As expert Yolanda Gómez points out, if you always carry your mobile with you, the Tax Agency can know your location almost in real time. The Shakira case highlighted this strict surveillance, where simply registering is not enough: you must prove that your vital and economic interests are in the chosen community.

Risks and sanctions for those who cheat

If the Tax Agency detects that the domicile change is just a maneuver to pay fewer taxes, it can demand regularization with interest and penalties. The regulation requires living more than 183 days at the new residence and justifying the center of economic and vital interests.

This makes fraud increasingly difficult to maintain, especially for the majority, although some highly mobile professionals may disguise it better.

Legal steps to change tax domicile

Requirements to avoid problems with the Tax Agency

For a residence change to be valid, you must register in the new municipality, live there more than 183 days, and move your center of economic and vital interests there. It is also necessary to request the autonomous health card and file the Income Tax Return in the corresponding community.

Administrative procedure and communications

After registering, you must notify the Tax Agency with Form 030 within three months. These steps are essential to avoid sanctions and prove effective residence.

If not complied with, you risk sanctions and having to pay tax differences with interest.
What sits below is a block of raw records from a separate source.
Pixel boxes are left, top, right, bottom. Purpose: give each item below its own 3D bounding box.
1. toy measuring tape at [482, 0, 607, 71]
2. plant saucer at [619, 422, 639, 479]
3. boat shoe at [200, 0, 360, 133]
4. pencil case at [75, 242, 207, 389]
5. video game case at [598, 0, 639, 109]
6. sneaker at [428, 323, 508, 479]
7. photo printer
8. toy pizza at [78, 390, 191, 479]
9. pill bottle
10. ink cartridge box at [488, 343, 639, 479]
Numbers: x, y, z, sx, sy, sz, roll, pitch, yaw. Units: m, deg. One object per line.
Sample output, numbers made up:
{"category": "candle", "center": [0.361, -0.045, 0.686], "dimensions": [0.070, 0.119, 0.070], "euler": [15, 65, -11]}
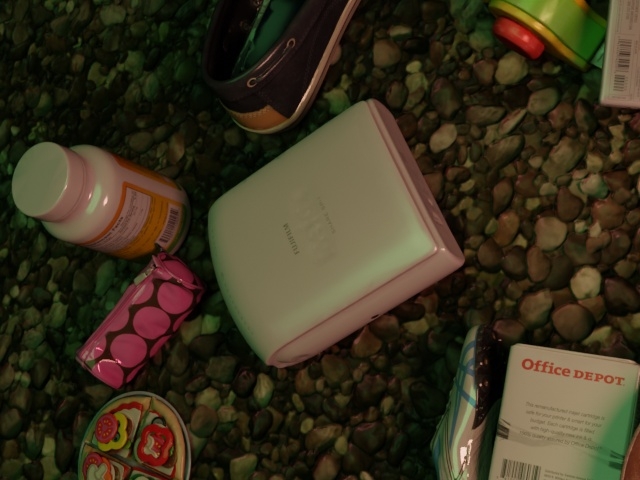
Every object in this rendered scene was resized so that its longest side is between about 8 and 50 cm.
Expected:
{"category": "toy measuring tape", "center": [0.304, -0.247, 1.264], "dimensions": [0.330, 0.121, 0.121], "euler": [38, 98, 31]}
{"category": "plant saucer", "center": [0.430, 0.250, 0.983], "dimensions": [0.311, 0.050, 0.310], "euler": [-13, 65, 31]}
{"category": "boat shoe", "center": [-0.029, -0.394, 1.471], "dimensions": [0.187, 0.156, 0.500], "euler": [19, 87, 34]}
{"category": "pencil case", "center": [-0.258, 0.112, 1.512], "dimensions": [0.209, 0.098, 0.095], "euler": [-51, 59, 11]}
{"category": "video game case", "center": [0.414, -0.242, 1.202], "dimensions": [0.183, 0.023, 0.201], "euler": [6, 86, 9]}
{"category": "sneaker", "center": [0.166, 0.212, 1.251], "dimensions": [0.086, 0.085, 0.237], "euler": [-1, 74, 38]}
{"category": "photo printer", "center": [0.000, 0.000, 1.383], "dimensions": [0.307, 0.107, 0.256], "euler": [-32, 64, 20]}
{"category": "toy pizza", "center": [-0.268, 0.311, 1.507], "dimensions": [0.201, 0.032, 0.201], "euler": [-8, 74, 28]}
{"category": "pill bottle", "center": [-0.302, -0.054, 1.490], "dimensions": [0.136, 0.246, 0.136], "euler": [-8, 74, 28]}
{"category": "ink cartridge box", "center": [0.273, 0.226, 1.181], "dimensions": [0.148, 0.086, 0.203], "euler": [7, 81, 31]}
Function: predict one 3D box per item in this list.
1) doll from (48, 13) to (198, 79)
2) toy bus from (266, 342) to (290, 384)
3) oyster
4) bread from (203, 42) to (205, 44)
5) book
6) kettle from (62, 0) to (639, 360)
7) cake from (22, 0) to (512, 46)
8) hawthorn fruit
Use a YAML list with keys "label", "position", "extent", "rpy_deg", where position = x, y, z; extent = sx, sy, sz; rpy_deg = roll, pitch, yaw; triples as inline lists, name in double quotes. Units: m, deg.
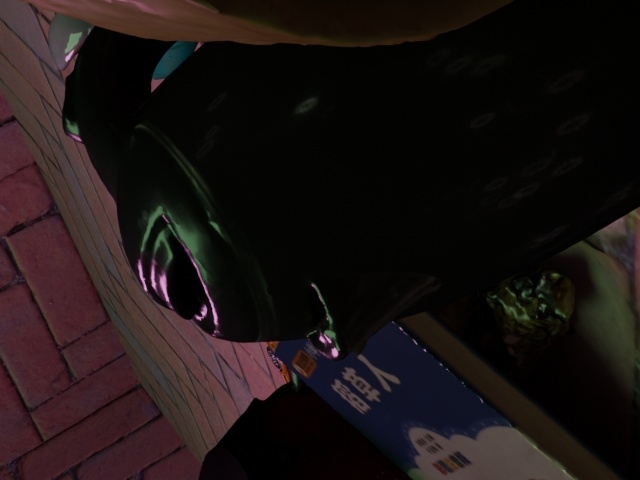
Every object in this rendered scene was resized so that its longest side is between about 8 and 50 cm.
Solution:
- label: "doll"
  position: [-0.177, -0.267, 1.065]
  extent: [0.153, 0.195, 0.258]
  rpy_deg: [26, 130, -2]
- label: "toy bus"
  position: [0.008, 0.188, 1.346]
  extent: [0.088, 0.083, 0.194]
  rpy_deg: [20, 137, 62]
- label: "oyster"
  position: [0.119, 0.065, 0.882]
  extent: [0.128, 0.079, 0.345]
  rpy_deg: [67, 166, 5]
- label: "bread"
  position: [-0.015, -0.153, 0.818]
  extent: [0.209, 0.110, 0.192]
  rpy_deg: [58, 161, 6]
- label: "book"
  position: [0.144, 0.190, 0.876]
  extent: [0.428, 0.039, 0.300]
  rpy_deg: [41, 160, 6]
- label: "kettle"
  position: [0.013, -0.075, 0.573]
  extent: [0.268, 0.290, 0.207]
  rpy_deg: [50, 161, 31]
- label: "cake"
  position: [0.020, -0.215, 0.297]
  extent: [0.321, 0.332, 0.332]
  rpy_deg: [10, 129, 57]
- label: "hawthorn fruit"
  position: [0.017, 0.287, 1.121]
  extent: [0.316, 0.316, 0.316]
  rpy_deg: [51, 161, 26]
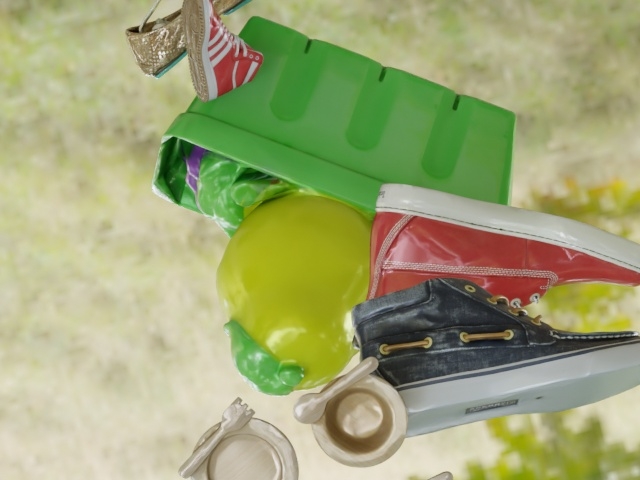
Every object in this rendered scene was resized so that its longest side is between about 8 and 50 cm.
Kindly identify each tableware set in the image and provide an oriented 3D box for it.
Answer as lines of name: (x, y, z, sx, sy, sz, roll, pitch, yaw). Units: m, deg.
tableware set: (0.011, 0.152, 1.127, 0.141, 0.169, 0.020, -32, -174, 8)

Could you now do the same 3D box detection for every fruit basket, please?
fruit basket: (0.000, 0.000, 1.969, 0.392, 0.392, 0.283, -16, 170, -12)

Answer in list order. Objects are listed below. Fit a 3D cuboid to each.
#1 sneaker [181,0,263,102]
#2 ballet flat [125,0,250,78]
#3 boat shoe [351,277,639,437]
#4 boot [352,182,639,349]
sneaker: (-0.091, -0.193, 1.858, 0.067, 0.118, 0.042, -22, -140, -23)
ballet flat: (-0.114, -0.244, 1.962, 0.206, 0.067, 0.073, -38, -166, 12)
boat shoe: (0.111, 0.059, 1.170, 0.183, 0.083, 0.065, -9, 157, -11)
boot: (0.155, 0.058, 1.688, 0.244, 0.176, 0.088, 10, 176, -4)
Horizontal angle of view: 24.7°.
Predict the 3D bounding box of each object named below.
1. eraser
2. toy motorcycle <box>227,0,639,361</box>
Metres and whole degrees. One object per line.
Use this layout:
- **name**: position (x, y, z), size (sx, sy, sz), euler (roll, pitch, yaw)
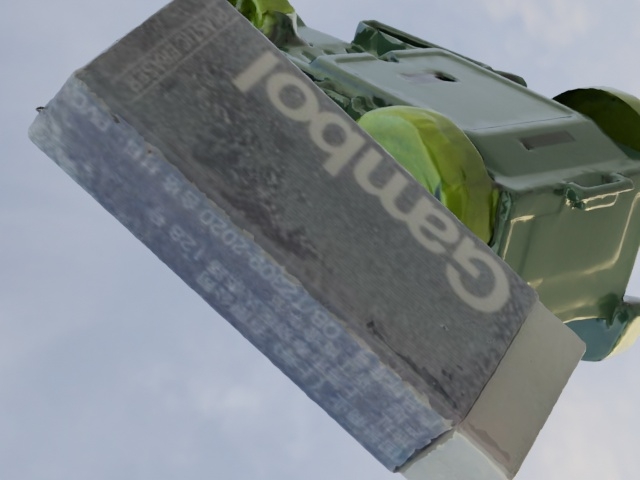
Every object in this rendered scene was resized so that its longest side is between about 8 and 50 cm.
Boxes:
- **eraser**: position (0.000, 0.000, 0.548), size (0.212, 0.046, 0.092), euler (42, -138, -2)
- **toy motorcycle**: position (0.021, -0.026, 0.842), size (0.191, 0.326, 0.199), euler (-10, -60, -43)
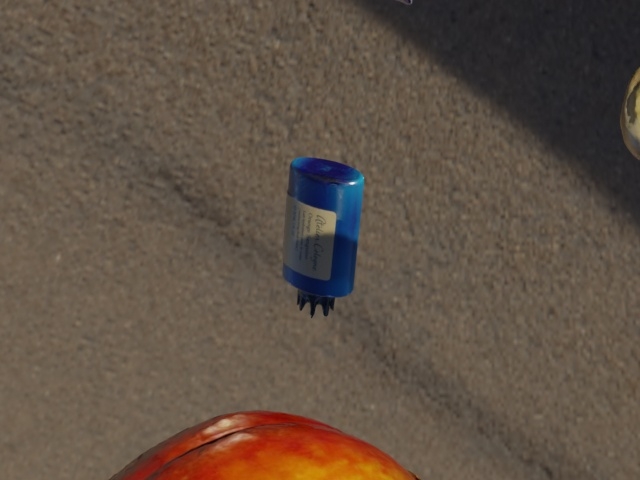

Tax Communities with high rates Communities with low or zero rates
IRPF Valencian Community, Navarre, Catalonia Other communities with lower taxes
Inheritance Some communities with high charges Andalusia, Madrid (practically zero)

The general feeling is that the tax system is more complex and restrictive than five years ago, which pushes many to seek loopholes, even if they are fictitious.

The Tax Agency’s controls are increasingly rigorous, which sets off alarms among those who think a false registration is the definitive solution.

But, as always, reality ends up imposing itself: if you don’t comply with the rules, the bill can end up costing you much more.